ボルソナロ大統領は10日、4年前に廃止された通信省を復活させることを発表し、ファビオ・ファリア氏(社会民主党・PSD)を通信相に指名した。これは、大統領がこのところ接近中の中道勢力「セントロン」にトップ閣僚職を与えることを意味する。また、大統領は選挙公約で省庁削減を宣言していたが、省庁数はさらに増加する可能性がある。10、11日付現地紙、サイトが報じている。
ボルソナロ大統領は10日、SNSを通じて、通信省を復活させると発表した。大統領は、「科学、テクノロジー、イノヴェーション、通信の機能を、科学技術省と通信省の二つで分けることにした」と語った。
通信省は1967年から存在していたが、2016年5月にジウマ大統領(当時)が罷免審議で職務停止となった際、テメル大統領代行(当時)が廃止した。同省は約4年ぶりの復活となる。
大統領はその後、通信相にリオ・グランデ・ド・ノルテ州選出下議のファビオ・ファリア氏を選んだと発表。同省復活は暫定令で決まったもので、連邦官報にも正式に掲載された。

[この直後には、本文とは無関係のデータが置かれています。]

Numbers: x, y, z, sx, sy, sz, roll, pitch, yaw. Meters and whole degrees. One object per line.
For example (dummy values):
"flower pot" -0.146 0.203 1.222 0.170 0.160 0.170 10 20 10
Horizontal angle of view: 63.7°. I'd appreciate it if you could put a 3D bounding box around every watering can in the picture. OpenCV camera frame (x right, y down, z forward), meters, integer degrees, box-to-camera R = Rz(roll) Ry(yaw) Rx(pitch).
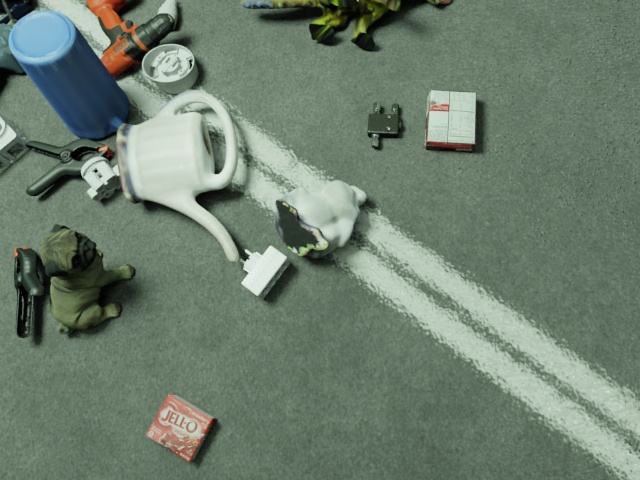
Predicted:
"watering can" -0.256 -0.114 0.940 0.224 0.102 0.352 -10 73 3

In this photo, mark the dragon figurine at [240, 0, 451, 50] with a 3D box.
"dragon figurine" 0.064 -0.524 1.057 0.411 0.119 0.248 14 59 7

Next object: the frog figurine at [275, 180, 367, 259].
"frog figurine" 0.003 -0.046 0.917 0.138 0.120 0.162 31 43 21
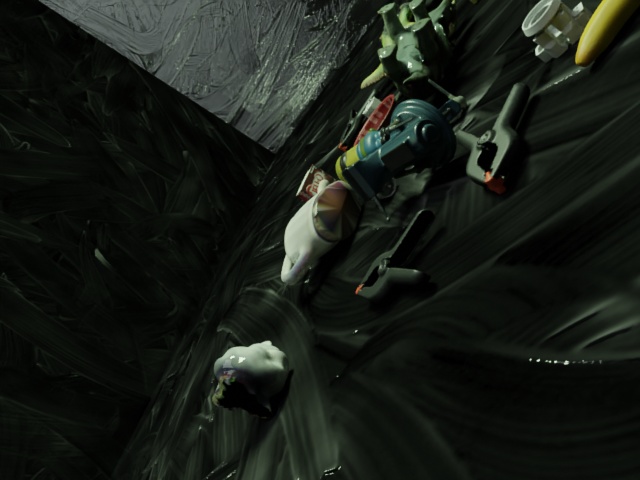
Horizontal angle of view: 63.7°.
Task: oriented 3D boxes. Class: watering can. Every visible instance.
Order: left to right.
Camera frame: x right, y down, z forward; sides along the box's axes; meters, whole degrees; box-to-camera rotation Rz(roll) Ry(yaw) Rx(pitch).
[{"bbox_3d":[0.003,-0.058,1.144,0.220,0.103,0.356,-40,23,49],"label":"watering can"}]

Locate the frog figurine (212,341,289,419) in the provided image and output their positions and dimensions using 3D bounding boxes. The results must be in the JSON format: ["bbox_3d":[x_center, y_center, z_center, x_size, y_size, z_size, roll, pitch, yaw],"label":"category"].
[{"bbox_3d":[-0.116,0.225,0.933,0.137,0.121,0.163,-13,25,24],"label":"frog figurine"}]

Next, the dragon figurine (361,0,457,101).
[{"bbox_3d":[0.217,-0.459,1.325,0.402,0.121,0.249,-45,26,47],"label":"dragon figurine"}]
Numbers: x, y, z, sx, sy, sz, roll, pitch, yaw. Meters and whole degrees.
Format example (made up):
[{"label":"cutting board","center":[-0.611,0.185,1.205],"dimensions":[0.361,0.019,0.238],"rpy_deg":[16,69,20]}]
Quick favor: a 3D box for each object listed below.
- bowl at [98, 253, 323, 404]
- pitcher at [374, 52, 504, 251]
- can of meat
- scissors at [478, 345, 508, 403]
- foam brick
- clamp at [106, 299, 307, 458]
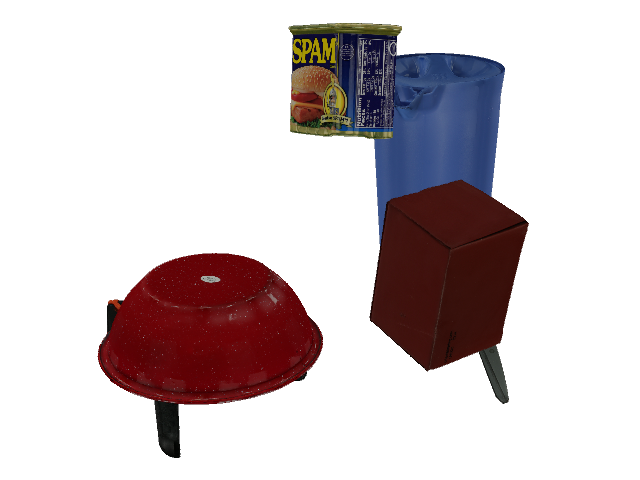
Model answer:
[{"label":"bowl","center":[-0.079,0.052,0.759],"dimensions":[0.162,0.055,0.162],"rpy_deg":[-1,23,0]},{"label":"pitcher","center":[0.123,-0.070,1.107],"dimensions":[0.149,0.243,0.145],"rpy_deg":[-7,24,-15]},{"label":"can of meat","center":[0.016,-0.123,0.823],"dimensions":[0.057,0.084,0.102],"rpy_deg":[-3,10,-29]},{"label":"scissors","center":[0.111,0.054,0.904],"dimensions":[0.096,0.016,0.201],"rpy_deg":[3,44,7]},{"label":"foam brick","center":[0.064,0.017,0.545],"dimensions":[0.052,0.078,0.051],"rpy_deg":[-16,40,-31]},{"label":"clamp","center":[-0.127,0.110,1.015],"dimensions":[0.164,0.036,0.210],"rpy_deg":[-22,40,-32]}]
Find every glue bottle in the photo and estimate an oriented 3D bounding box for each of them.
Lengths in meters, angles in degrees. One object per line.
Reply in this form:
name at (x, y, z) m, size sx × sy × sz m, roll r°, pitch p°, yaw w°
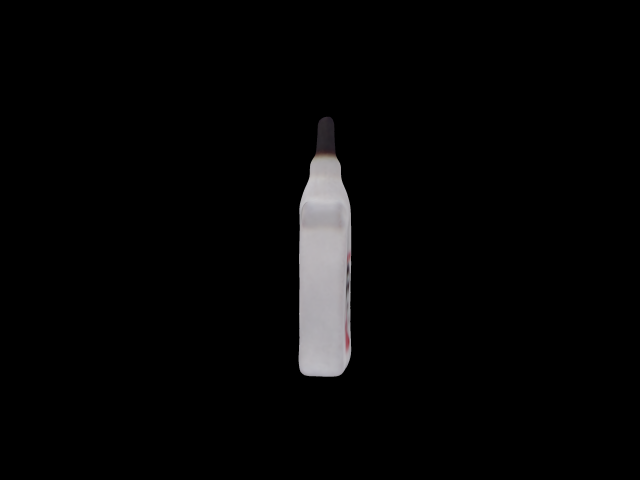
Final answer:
glue bottle at (0.004, 0.001, 0.400) m, size 0.037 × 0.173 × 0.078 m, roll 0°, pitch 4°, yaw 3°
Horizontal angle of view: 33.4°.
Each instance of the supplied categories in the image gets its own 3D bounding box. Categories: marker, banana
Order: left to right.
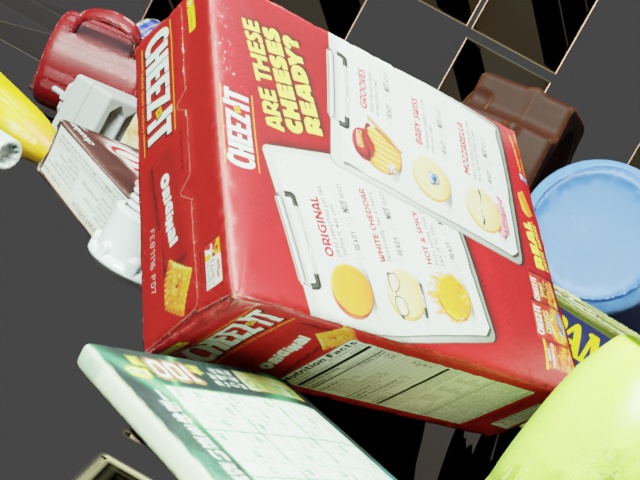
[{"bbox_3d":[-0.216,-0.076,0.616,0.121,0.020,0.020,33,9,28],"label":"marker"},{"bbox_3d":[-0.212,-0.095,0.690,0.069,0.037,0.198,22,10,-30],"label":"banana"}]

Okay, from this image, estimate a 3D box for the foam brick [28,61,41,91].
[{"bbox_3d":[-0.209,-0.140,0.945,0.078,0.053,0.051,26,8,-11],"label":"foam brick"}]

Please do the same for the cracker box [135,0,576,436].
[{"bbox_3d":[0.018,-0.007,0.505,0.213,0.072,0.164,19,50,-37],"label":"cracker box"}]

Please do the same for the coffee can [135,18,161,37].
[{"bbox_3d":[-0.123,-0.134,1.016,0.140,0.103,0.102,31,8,13],"label":"coffee can"}]

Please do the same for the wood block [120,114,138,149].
[{"bbox_3d":[-0.079,-0.066,0.782,0.091,0.090,0.206,29,7,-1],"label":"wood block"}]

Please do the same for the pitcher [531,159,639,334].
[{"bbox_3d":[0.211,0.021,0.825,0.145,0.149,0.242,2,-7,18],"label":"pitcher"}]

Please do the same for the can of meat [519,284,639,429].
[{"bbox_3d":[0.155,0.083,0.667,0.057,0.084,0.102,19,12,-48],"label":"can of meat"}]

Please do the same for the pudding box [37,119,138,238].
[{"bbox_3d":[-0.097,-0.019,0.598,0.089,0.039,0.114,22,11,-41],"label":"pudding box"}]

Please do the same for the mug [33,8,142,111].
[{"bbox_3d":[-0.178,-0.141,0.864,0.081,0.093,0.117,22,-35,-7],"label":"mug"}]
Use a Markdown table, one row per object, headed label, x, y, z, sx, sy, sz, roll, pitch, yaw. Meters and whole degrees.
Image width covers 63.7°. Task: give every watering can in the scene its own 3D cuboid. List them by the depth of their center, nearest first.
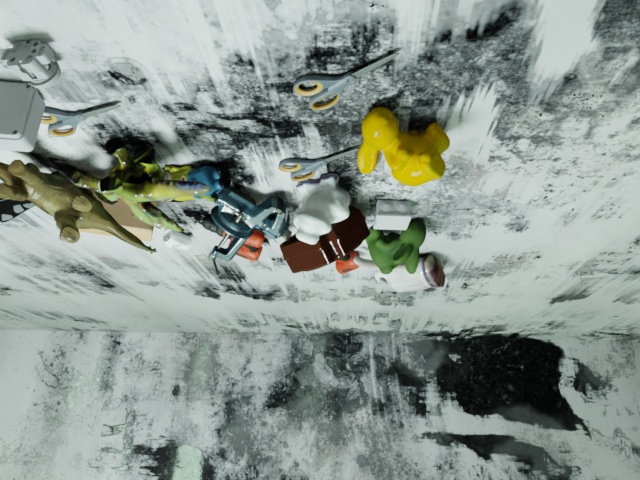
| label | x | y | z | sx | sy | sz | roll | pitch | yaw |
| --- | --- | --- | --- | --- | --- | --- | --- | --- | --- |
| watering can | 0.273 | 0.104 | 1.679 | 0.223 | 0.106 | 0.344 | -13 | 154 | 31 |

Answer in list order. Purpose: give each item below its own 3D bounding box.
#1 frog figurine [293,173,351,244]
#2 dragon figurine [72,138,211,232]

ファリア氏は42歳と若く、現在4期目となる連邦下議だが、同氏の妻が、視聴率2、3位の位置にいるテレビ局、SBT局の社主でブラジルの芸能史に残る名司会者、シルヴィオ・サントス氏の娘でタレントのパトリシア・アブラヴァネル氏であることは周知の事実だ。ボルソナロ氏は就任当初からシルヴィオ氏と接近する姿勢を見せており、最大局だが自身への批判が多いグローボ局に対抗し、SBTに独占取材を行わせたりもしている。
今回の人事は、進歩党(PP)や自由党(PL)、ブラジル労働党(PTB)、共和者(RP)らによる中道勢力「セントロン」を構成するPSDに大臣職を与え、より強い支援を得るためでもある。
大統領は就任当時、政党への連邦政府職の振り分けを「汚職の根源」として嫌っていたが、自身への罷免請求が殺到したことで方向を転換。これらセントロンの政党には5月から、連邦政府内の職務を与えはじめていたが、今回の人事により、それが遂に大臣職にまで至ったことになる。ダッタフォーリャの調査では、大統領のセントロン接近に国民の67%が反対している。
また、ボルソナロ氏は「省庁数を15まで減らしたい」と公約に掲げていたが、通信省の復活により、省庁数は22に増えている。一部報道によると、大統領は治安省の復活も検討中で、担当大臣には、4月に連邦警察長官に指名しようとしたが、ボルソナロ氏の連警人事介入疑惑と、大統領一族と親密な関係にあることを理由に、最高裁から就任を差し止められたアレシャンドレ・ラマジェム氏を考えているという。
通信省は大統領府社会通信局(SECOM)の職務の一部を分担することになっており、11日には、SECOM局長で、ボルソナロ氏の広報役の一人として有名になったファビオ・ワインガルテン氏が、通信省ナンバー2に指名された。